Hush! Hush! Then is there many a thing heard which may not be heard by day; now however, in the cool air, when even all the tumult of your hearts hath become still⁠—

—Now doth it speak, now is it heard, now doth it steal into overwakeful, nocturnal souls: ah! ah! how the midnight sigheth! how it laugheth in its dream!

—Hearest thou not how it mysteriously, frightfully, and cordially speaketh unto thee, the old deep, deep midnight?

O man, take heed!

IV

Woe to me! Whither hath time gone? Have I not sunk into deep wells? The world sleepeth⁠—

Ah! Ah! The dog howleth, the moon shineth. Rather will I die, rather will I die, than say unto you what my midnight-heart now thinketh.

Already have I died. It is all over. Spider, why spinnest thou around me? Wilt thou have blood? Ah! Ah! The dew falleth, the hour cometh⁠—

—The hour in which I frost and freeze, which asketh and asketh and asketh: “Who hath sufficient courage for it?

“⁠—Who is to be master of the world? Who is going to say: Thus shall ye flow, ye great and small streams!”

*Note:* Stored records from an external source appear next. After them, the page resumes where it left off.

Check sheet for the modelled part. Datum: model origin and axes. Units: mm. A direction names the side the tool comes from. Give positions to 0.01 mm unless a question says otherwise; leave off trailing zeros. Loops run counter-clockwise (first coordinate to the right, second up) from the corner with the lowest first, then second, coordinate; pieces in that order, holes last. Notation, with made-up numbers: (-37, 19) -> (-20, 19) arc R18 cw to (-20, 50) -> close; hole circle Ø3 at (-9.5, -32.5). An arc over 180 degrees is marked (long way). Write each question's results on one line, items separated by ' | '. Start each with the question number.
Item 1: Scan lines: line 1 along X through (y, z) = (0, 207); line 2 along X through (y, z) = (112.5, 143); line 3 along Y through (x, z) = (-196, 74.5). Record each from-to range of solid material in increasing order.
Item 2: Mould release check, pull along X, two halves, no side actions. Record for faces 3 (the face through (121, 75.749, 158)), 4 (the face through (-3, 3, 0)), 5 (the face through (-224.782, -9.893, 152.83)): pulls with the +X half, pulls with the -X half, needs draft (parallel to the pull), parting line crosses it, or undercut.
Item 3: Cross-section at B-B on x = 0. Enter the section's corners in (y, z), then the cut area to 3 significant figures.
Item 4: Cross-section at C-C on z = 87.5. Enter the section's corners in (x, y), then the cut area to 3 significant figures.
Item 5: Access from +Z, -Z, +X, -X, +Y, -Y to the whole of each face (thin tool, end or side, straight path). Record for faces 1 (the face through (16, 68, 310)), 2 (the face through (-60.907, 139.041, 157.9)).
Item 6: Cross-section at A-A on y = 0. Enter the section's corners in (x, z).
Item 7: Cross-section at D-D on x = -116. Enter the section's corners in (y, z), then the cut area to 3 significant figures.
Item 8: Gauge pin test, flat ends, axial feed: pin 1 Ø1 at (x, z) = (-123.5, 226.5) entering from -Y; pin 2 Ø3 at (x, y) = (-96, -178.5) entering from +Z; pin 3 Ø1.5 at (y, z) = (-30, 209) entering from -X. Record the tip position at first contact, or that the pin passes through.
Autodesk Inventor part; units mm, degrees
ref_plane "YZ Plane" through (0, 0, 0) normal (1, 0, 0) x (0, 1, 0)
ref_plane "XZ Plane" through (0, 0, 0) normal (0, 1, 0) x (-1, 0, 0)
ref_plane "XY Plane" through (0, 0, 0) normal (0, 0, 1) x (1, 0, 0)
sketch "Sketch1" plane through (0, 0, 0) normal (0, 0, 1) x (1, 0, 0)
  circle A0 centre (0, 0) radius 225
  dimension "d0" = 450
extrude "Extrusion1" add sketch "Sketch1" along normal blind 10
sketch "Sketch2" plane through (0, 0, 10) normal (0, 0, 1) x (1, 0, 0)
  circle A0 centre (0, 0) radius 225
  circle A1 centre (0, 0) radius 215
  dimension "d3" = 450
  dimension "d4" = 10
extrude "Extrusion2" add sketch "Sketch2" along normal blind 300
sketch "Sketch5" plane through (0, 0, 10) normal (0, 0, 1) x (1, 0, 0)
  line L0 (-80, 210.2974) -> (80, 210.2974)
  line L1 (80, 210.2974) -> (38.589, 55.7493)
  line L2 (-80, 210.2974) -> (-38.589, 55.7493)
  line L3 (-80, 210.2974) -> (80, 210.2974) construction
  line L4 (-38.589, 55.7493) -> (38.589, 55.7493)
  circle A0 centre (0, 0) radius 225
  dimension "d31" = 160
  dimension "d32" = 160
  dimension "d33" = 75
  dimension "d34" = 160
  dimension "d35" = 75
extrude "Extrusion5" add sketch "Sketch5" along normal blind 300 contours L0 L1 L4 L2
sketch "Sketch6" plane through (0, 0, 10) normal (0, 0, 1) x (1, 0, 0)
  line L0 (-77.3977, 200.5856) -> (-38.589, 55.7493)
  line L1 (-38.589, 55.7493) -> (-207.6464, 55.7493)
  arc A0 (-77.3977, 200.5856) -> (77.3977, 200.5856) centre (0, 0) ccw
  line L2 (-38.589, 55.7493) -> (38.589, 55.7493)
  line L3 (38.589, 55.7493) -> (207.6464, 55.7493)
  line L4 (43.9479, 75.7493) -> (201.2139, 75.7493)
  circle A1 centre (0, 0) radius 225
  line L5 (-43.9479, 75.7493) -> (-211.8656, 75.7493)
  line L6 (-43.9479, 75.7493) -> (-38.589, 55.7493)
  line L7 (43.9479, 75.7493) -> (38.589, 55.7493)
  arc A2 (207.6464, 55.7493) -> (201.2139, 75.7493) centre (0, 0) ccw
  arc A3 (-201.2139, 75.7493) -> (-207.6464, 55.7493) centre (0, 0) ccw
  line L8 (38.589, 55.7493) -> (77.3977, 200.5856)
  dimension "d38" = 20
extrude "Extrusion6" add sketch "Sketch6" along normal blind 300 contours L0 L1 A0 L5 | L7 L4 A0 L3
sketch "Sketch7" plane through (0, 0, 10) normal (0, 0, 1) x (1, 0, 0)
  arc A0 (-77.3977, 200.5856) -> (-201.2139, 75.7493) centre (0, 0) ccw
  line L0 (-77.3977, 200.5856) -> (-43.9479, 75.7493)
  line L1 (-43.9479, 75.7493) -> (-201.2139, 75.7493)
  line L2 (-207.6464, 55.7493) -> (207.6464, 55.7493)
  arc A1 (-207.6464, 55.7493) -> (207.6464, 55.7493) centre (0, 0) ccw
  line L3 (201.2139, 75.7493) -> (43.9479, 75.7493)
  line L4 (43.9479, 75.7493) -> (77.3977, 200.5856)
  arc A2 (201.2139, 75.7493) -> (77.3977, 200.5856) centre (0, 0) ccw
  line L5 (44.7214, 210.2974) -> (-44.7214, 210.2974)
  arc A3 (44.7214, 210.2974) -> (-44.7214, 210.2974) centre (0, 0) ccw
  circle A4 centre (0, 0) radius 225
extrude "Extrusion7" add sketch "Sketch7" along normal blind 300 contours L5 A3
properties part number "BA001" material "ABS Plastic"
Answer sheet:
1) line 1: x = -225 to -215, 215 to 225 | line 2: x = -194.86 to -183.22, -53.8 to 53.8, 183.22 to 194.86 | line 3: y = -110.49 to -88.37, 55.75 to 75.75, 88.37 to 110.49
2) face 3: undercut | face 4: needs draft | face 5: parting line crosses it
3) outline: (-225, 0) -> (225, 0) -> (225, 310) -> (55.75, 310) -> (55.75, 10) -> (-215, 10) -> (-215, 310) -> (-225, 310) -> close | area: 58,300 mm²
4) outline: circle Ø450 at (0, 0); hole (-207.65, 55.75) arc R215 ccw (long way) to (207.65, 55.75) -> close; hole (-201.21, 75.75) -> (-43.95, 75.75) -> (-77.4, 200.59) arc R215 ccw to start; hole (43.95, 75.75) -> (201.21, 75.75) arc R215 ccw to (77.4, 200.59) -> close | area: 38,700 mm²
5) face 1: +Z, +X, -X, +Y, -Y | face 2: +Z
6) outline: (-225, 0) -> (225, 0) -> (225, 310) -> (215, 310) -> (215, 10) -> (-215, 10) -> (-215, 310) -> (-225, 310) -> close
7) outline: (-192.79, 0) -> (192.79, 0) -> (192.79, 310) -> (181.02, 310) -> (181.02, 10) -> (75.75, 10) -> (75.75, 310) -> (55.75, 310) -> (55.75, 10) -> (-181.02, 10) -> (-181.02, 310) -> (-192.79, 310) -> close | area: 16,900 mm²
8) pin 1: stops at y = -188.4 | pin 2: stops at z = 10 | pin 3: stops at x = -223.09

—The hour approacheth: O man, thou higher man, take heed! this talk is for fine ears, for thine ears⁠—what saith deep midnight’s voice indeed?

V

It carrieth me away, my soul danceth. Day’s-work! Day’s-work! Who is to be master of the world?

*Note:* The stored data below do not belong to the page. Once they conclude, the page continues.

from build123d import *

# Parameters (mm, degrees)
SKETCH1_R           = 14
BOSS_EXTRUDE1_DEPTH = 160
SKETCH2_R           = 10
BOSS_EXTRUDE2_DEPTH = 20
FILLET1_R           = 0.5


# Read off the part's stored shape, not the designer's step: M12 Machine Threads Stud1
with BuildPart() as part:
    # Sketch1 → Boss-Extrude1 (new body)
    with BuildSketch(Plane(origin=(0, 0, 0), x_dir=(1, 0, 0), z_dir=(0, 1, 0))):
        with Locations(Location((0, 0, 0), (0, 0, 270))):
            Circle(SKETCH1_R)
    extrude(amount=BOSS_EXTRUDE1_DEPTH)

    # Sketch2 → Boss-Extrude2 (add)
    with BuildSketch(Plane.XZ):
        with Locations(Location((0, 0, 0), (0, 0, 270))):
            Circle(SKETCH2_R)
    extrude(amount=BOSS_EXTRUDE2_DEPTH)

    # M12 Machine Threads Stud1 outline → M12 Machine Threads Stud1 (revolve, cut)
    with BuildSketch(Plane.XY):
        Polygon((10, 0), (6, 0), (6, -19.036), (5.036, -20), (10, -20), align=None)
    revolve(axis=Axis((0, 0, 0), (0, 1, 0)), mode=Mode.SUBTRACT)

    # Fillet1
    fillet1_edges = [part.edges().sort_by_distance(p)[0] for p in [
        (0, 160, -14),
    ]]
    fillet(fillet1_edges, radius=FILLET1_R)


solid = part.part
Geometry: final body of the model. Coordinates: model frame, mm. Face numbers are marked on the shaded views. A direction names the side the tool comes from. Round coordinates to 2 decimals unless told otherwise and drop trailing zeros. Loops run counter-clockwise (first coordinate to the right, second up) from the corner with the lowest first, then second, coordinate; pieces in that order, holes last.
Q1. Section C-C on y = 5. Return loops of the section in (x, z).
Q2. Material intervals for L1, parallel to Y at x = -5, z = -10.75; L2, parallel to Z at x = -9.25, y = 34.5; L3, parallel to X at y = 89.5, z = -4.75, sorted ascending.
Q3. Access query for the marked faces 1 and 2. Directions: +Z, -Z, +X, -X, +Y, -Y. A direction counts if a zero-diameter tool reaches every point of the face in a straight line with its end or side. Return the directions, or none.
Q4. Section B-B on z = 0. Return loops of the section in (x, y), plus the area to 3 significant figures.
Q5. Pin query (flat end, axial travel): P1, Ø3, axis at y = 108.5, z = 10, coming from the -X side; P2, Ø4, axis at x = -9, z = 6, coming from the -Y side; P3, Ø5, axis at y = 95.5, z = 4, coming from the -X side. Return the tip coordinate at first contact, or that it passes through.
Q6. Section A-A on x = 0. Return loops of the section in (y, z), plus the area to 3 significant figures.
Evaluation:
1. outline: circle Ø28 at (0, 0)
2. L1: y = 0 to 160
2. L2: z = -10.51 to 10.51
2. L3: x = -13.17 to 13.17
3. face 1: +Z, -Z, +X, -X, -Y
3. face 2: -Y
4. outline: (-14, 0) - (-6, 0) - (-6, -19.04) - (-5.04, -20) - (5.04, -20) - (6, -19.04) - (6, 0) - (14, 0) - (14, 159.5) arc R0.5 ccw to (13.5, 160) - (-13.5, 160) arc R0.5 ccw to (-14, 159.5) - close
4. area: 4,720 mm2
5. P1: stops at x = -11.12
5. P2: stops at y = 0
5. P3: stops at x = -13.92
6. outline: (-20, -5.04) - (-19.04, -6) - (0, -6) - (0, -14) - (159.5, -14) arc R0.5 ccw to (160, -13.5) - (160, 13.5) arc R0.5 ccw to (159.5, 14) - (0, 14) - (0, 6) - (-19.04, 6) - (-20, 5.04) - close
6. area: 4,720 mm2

The moon is cool, the wind is still. Ah! Ah! Have ye already flown high enough? Ye have danced: a leg, nevertheless, is not a wing.

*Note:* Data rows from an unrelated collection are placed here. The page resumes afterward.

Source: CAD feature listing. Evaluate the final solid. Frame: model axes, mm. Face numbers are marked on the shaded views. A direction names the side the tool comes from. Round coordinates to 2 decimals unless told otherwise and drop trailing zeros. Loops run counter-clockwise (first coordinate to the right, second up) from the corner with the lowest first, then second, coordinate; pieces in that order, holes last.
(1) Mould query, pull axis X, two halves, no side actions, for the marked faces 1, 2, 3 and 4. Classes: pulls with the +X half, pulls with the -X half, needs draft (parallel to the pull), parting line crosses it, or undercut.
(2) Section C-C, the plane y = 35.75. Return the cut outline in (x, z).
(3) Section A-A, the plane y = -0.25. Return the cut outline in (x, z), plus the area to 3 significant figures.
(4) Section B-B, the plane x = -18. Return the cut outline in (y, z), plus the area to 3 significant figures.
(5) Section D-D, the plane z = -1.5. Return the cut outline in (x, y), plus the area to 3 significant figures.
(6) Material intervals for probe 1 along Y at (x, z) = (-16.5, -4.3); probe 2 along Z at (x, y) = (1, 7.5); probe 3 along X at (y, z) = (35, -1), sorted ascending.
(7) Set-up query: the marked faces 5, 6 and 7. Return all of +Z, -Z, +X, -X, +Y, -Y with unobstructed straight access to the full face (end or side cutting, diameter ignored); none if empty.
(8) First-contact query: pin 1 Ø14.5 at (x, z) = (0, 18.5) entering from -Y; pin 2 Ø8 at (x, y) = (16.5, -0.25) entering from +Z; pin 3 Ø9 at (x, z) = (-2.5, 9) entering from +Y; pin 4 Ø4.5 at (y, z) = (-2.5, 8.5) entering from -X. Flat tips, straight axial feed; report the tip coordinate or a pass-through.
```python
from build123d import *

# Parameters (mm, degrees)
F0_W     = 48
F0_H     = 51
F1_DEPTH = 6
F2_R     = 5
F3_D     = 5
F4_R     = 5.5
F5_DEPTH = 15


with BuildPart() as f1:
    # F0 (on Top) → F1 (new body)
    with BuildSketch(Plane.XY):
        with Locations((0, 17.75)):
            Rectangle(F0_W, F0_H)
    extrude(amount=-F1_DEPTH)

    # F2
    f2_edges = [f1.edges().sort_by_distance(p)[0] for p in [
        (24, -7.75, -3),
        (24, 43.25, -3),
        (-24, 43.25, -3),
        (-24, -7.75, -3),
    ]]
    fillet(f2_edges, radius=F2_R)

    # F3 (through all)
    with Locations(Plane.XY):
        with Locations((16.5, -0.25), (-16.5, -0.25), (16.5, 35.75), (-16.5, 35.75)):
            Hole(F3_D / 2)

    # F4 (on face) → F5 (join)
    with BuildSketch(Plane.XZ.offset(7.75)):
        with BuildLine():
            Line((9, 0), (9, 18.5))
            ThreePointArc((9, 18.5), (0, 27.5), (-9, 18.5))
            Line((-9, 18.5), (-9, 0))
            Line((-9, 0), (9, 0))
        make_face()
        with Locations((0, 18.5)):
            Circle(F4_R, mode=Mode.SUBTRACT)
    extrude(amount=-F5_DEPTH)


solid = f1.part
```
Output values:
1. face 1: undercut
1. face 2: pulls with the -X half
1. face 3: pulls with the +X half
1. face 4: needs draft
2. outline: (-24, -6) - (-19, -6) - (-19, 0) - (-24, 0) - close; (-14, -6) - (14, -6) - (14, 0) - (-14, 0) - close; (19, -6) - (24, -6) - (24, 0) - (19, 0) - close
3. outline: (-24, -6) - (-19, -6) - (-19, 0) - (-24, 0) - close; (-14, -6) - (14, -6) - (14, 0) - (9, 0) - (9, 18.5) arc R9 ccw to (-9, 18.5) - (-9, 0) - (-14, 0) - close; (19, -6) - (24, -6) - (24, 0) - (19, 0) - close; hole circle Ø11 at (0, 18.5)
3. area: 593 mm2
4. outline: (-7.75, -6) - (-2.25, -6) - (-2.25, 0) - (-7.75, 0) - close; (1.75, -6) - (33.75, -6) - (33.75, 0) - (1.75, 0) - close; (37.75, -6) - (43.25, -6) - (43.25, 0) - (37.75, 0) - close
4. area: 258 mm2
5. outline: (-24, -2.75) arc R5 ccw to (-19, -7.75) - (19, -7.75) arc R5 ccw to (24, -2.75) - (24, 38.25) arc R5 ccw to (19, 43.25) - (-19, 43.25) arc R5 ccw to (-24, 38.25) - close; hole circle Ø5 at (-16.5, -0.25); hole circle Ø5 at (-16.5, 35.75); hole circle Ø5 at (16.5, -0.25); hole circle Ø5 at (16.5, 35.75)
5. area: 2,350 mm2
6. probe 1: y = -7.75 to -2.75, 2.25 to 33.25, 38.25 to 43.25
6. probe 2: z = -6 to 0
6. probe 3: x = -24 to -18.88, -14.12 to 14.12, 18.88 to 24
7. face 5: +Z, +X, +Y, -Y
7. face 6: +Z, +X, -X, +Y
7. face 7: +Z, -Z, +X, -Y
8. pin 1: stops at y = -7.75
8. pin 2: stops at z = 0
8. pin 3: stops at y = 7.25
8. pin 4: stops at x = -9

Ye good dancers, now is all delight over: wine hath become lees, every cup hath become brittle, the sepulchres mutter.

Ye have not flown high enough: now do the sepulchres mutter: “Free the dead! Why is it so long night? Doth not the moon make us drunken?”

Ye higher men, free the sepulchres, awaken the corpses! Ah, why doth the worm still burrow? There approacheth, there approacheth, the hour⁠—

—There boometh the clock-bell, there thrilleth still the heart, there burroweth still the woodworm, the heart-worm. Ah! Ah! The world is deep!

VI

Sweet lyre! Sweet lyre! I love thy tone, thy drunken, ranunculine tone!⁠—how long, how far hath come unto me thy tone, from the distance, from the ponds of love!

Thou old clock-bell, thou sweet lyre! Every pain hath torn thy heart, father-pain, fathers’-pain, forefathers’-pain; thy speech hath become ripe⁠—

—Ripe like the golden autumn and the afternoon, like mine anchorite heart⁠—now sayest thou: The world itself hath become ripe, the grape turneth brown,

—Now doth it wish to die, to die of happiness. Ye higher men, do ye not feel it? There welleth up mysteriously an odour,

—A perfume and odour of eternity, a rosy-blessed, brown, gold-wine-odour of old happiness,

—Of drunken midnight-death happiness, which singeth: the world is deep, and deeper than the day could read!

VII

Leave me alone! Leave me alone! I am too pure for thee. Touch me not! Hath not my world just now become perfect?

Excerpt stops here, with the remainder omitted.